# Wikipedia Data: Cleaning and EDA
The Wikipedia corpus contains entries from Wikipedia and their counterparts in the simplified "English" Wikipedia. These entries can be aligned by topic (e.g., the entire entry) or by sentence.

In [1]:
# Import packages
import numpy as np
import pandas as pd
import spacy
import nltk
import re
import textstat
import chardet

In [2]:
# Sets option to display all text in pandas dataframes
pd.set_option('display.max_colwidth', None)

# Specify File Locations
RawDat = '../data_raw/'
ClnDat = '../data_clean/'

In [3]:
# Specify whether to load in doc or sentence aligned Wikipedia data
Alignment = 'sentence' # Can be either 'doc' or 'sentence'
if Alignment == 'doc':
    FileExt = '_d.txt'
if Alignment == 'sentence':
    FileExt = '_s.txt'

WikiDF = pd.DataFrame() # Initialize pandas dataframe for data import
for level in ['normal', 'simple']:
    
    FileLoc = RawDat+'/WikiData/'+Alignment+'_aligned/'+level+FileExt
    with open(FileLoc, 'rb') as dataload:
        result = chardet.detect(dataload.read(10000))

    # Load Normal and Simplified English Wikipedia datasets
    WikiDF0 = pd.read_csv(FileLoc, 
                          sep = '\t', 
                          encoding = result['encoding'],
                          header =  None,
                          names = ['topic', 'paragraph_num', 'text'])
    
    WikiDF0['level'] = level
    WikiDF0['sent_id'] = list(range(1, int(len(WikiDF0.index))+1))
    
    WikiDF = WikiDF.append(WikiDF0)
    
# If Alignment at sentence aligned, pivot by "sentence number" to create rows
if Alignment == 'sentence':
    WikiDF = WikiDF.pivot(index = ['sent_id', 'topic'], columns = ['level'], values = ['text']).reset_index()
    # Flatten column index of pivot table
    WikiDF.columns = WikiDF.columns.map('_'.join).str.strip('_')
    
    # Flag and remove sentences that are perfectly aligned already
    WikiDF['same'] = np.where(WikiDF['text_normal'] == WikiDF['text_simple'], 1, 0)
    WikiDF = WikiDF[WikiDF['same'] != 1].reset_index(drop = True)
    WikiDF.columns = ['sent_id', 'topic', 'normal', 'simple', 'same']
    
    # Replace non ascii characters
    WikiDF['normal'] = WikiDF['normal'].str.encode('ascii', 'ignore').str.decode('ascii')
    WikiDF['simple'] = WikiDF['simple'].str.encode('ascii', 'ignore').str.decode('ascii')

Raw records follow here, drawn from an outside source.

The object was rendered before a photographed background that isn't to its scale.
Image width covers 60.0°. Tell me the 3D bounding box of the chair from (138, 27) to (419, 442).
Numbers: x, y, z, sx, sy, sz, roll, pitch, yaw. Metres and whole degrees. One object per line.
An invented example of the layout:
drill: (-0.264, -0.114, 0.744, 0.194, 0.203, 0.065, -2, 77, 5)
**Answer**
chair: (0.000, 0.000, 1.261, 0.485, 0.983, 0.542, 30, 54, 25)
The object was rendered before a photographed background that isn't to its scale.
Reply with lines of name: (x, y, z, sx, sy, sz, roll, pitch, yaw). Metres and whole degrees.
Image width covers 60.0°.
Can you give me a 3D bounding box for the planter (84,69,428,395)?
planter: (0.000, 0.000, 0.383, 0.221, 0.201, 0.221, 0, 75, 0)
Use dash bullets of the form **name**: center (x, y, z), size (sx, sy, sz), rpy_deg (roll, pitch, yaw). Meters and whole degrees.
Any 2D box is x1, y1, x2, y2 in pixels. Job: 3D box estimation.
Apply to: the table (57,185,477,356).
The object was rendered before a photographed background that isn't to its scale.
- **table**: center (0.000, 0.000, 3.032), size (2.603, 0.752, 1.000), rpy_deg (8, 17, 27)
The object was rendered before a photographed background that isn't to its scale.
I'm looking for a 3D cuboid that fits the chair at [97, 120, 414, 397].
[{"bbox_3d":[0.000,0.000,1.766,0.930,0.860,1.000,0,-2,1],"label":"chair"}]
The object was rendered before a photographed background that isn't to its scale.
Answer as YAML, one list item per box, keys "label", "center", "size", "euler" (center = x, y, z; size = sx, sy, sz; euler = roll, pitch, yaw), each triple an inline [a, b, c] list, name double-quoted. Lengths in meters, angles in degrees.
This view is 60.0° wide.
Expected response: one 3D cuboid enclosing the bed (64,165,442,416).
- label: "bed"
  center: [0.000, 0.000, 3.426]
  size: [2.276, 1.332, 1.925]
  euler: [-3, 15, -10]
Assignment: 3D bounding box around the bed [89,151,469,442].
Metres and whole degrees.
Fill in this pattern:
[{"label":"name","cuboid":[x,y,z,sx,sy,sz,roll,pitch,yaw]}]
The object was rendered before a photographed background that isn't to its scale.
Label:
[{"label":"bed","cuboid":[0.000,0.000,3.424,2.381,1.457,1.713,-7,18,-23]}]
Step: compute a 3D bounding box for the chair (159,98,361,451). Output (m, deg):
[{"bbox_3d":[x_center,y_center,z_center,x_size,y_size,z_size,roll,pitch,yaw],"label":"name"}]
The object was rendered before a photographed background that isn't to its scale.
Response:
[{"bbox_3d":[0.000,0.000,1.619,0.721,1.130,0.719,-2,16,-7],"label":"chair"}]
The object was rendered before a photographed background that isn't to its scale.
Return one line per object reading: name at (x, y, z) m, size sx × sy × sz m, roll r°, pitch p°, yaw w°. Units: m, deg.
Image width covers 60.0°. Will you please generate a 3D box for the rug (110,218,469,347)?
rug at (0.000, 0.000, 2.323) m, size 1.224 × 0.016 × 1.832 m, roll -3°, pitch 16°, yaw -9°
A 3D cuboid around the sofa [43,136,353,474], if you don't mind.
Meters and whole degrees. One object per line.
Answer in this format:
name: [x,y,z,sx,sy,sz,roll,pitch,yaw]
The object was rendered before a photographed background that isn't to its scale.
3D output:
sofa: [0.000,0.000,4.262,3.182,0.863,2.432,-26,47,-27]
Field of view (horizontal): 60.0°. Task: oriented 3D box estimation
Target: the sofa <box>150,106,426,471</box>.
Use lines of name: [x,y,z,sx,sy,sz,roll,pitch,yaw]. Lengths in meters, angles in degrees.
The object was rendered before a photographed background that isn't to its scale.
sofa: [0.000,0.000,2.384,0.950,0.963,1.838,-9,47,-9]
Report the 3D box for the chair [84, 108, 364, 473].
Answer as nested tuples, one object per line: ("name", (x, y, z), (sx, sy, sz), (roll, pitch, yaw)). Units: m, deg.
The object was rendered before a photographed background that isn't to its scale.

    # Replace LRB and RRB symbols
    WikiDF['normal'] = WikiDF['normal'].str.replace(r'-LRB-|-RRB-', '')
    WikiDF['simple'] = WikiDF['simple'].str.replace(r'-LRB-|-RRB-', '')

    # Export WikiDF to csv
    WikiDF.to_csv(ClnDat+'wiki_'+Alignment+'.csv', header = True, index = False)
    
# If Alignment at document aligned, merge sentences into paragraph and paragraphs into single file for doc
if Alignment == 'doc':
    WikiDF = WikiDF.groupby(['topic', 'type', 'paragraph_num'], as_index = False).agg({'text': ' '.join})
    WikiDF = WikiDF.groupby(['topic', 'type'], as_index = False).agg({'text': '\n '.join})

In [4]:
# Calculate text features for Wiki corpus aligned at document level
if Alignment == 'doc':
    # For exploratory data analysis, get random sample of topics
    RandTopics = pd.DataFrame(WikiDF['topic'].unique()).sample(1000)
    RandTopics.columns = ['topic']

    # Subset Wikipedia dataframe to random sample of topics
    WikiDF_sub = WikiDF[WikiDF['topic'].isin(RandTopics['topic'])].reset_index()
    len(WikiDF_sub.index)
    
    # Compute text readability score for subset
    WikiDF_sub['text'] = WikiDF_sub['text'].apply(str) # Turn text to string
    WikiDF_sub['fkg_score'] = WikiDF_sub['text'].apply(textstat.flesch_kincaid_grade)
    WikiDF_sub['flesch_read'] = WikiDF_sub['text'].apply(textstat.flesch_reading_ease)
    WikiDF_sub['fog_score'] = WikiDF_sub['text'].apply(textstat.gunning_fog)
    WikiDF_sub['ari_score'] = WikiDF_sub['text'].apply(textstat.automated_readability_index)
    WikiDF_sub['cli_score'] = WikiDF_sub['text'].apply(textstat.coleman_liau_index)
    WikiDF_sub['lwf_score'] = WikiDF_sub['text'].apply(textstat.linsear_write_formula)
    WikiDF_sub['dcr_score'] = WikiDF_sub['text'].apply(textstat.dale_chall_readability_score)
    WikiDF_sub['consensus'] = WikiDF_sub['text'].apply(textstat.text_standard)
    WikiDF_sub['n_sentences'] = WikiDF_sub['text'].apply(textstat.sentence_count)
    WikiDF_sub['n_syllables'] = WikiDF_sub['text'].apply(textstat.syllable_count)
    WikiDF_sub['n_lexicon'] = WikiDF_sub['text'].apply(textstat.lexicon_count)

In [None]:
WikiDF_sub.groupby('type')['lwf_score'].plot(kind = 'hist', legend = True)

In [None]:
WikiDF_sub.groupby('type')['fog_score'].plot(kind = 'hist', legend = True)

In [None]:
WikiDF_sub['topic'].unique()

In [None]:
Sub2 = WikiDF_sub[WikiDF_sub['topic'] == '1992 Pacific hurricane season']

In [None]:
Sub2[['topic', 'type', 'text', 'n_sentences']]

In [None]:
pd.pivot_table(WikiDF_sub, index = ['consensus'], columns = ['type'], values = ['text'], aggfunc = 'count').reset_index().plot.bar(x = 'consensus')

In [None]:
nlp(WikiDF_sub['text'][49])

In [None]:
WikiDF_sub.boxplot(column = 'fog_score', by = 'type')